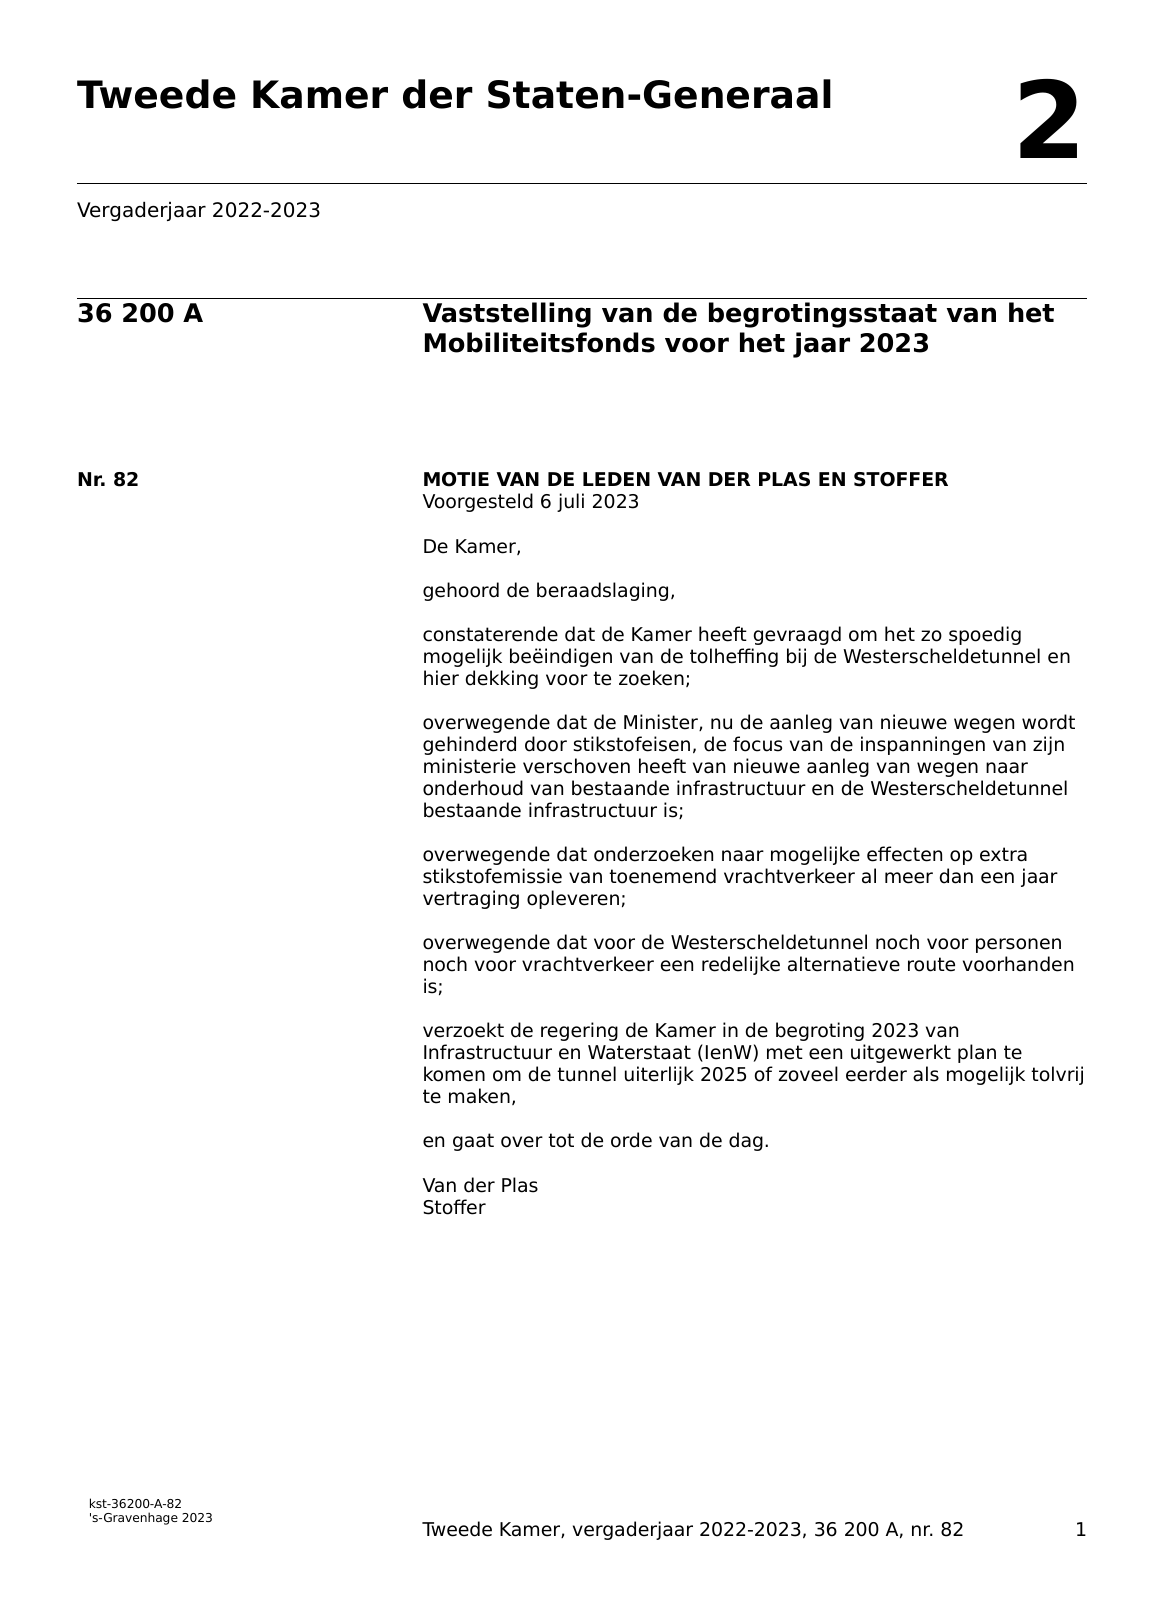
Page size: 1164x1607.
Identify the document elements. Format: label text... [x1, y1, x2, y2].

table_header Tweede Kamer der Staten-Generaal [77, 59, 886, 183]
text 's-Gravenhage 2023 [88, 1511, 323, 1525]
text constaterende dat de Kamer heeft gevraagd om het zo spoedig mogelijk beëindigen van de tolheffing bij de Westerscheldetunnel en hier dekking voor te zoeken; [422, 624, 1087, 690]
text overwegende dat onderzoeken naar mogelijke effecten op extra stikstofemissie van toenemend vrachtverkeer al meer dan een jaar vertraging opleveren; [422, 844, 1087, 910]
subtitle Nr. 82 MOTIE VAN DE LEDEN VAN DER PLAS EN STOFFER [77, 469, 1087, 491]
table_header 2 [886, 59, 1087, 183]
text Voorgesteld 6 juli 2023 [422, 491, 1087, 513]
text Van der Plas [422, 1174, 1087, 1197]
text verzoekt de regering de Kamer in de begroting 2023 van Infrastructuur en Waterstaat (IenW) met een uitgewerkt plan te komen om de tunnel uiterlijk 2025 of zoveel eerder als mogelijk tolvrij te maken, [422, 1020, 1087, 1108]
text kst-36200-A-82 [88, 1497, 323, 1511]
text De Kamer, [422, 536, 1087, 557]
table_cell Vergaderjaar 2022-2023 [77, 184, 1087, 298]
text Stoffer [422, 1197, 1087, 1218]
text gehoord de beraadslaging, [422, 580, 1087, 602]
text overwegende dat voor de Westerscheldetunnel noch voor personen noch voor vrachtverkeer een redelijke alternatieve route voorhanden is; [422, 932, 1087, 998]
text en gaat over tot de orde van de dag. [422, 1130, 1087, 1152]
text overwegende dat de Minister, nu de aanleg van nieuwe wegen wordt gehinderd door stikstofeisen, de focus van de inspanningen van zijn ministerie verschoven heeft van nieuwe aanleg van wegen naar onderhoud van bestaande infrastructuur en de Westerscheldetunnel bestaande infrastructuur is; [422, 712, 1087, 822]
subtitle 36 200 A Vaststelling van de begrotingsstaat van het Mobiliteitsfonds voor het jaar 2023 [77, 299, 1087, 358]

■ ■ ■ ■

» Exercise details
Could you set down, word for word, only the lines above from the line with "text 's-Gravenhage 2023 [88, 1511, 323, 1525]" to the line with "subtitle Nr. 82", including both?

» Answer box
text 's-Gravenhage 2023 [88, 1511, 323, 1525]
text constaterende dat de Kamer heeft gevraagd om het zo spoedig mogelijk beëindigen van de tolheffing bij de Westerscheldetunnel en hier dekking voor te zoeken; [422, 624, 1087, 690]
text overwegende dat onderzoeken naar mogelijke effecten op extra stikstofemissie van toenemend vrachtverkeer al meer dan een jaar vertraging opleveren; [422, 844, 1087, 910]
subtitle Nr. 82 MOTIE VAN DE LEDEN VAN DER PLAS EN STOFFER [77, 469, 1087, 491]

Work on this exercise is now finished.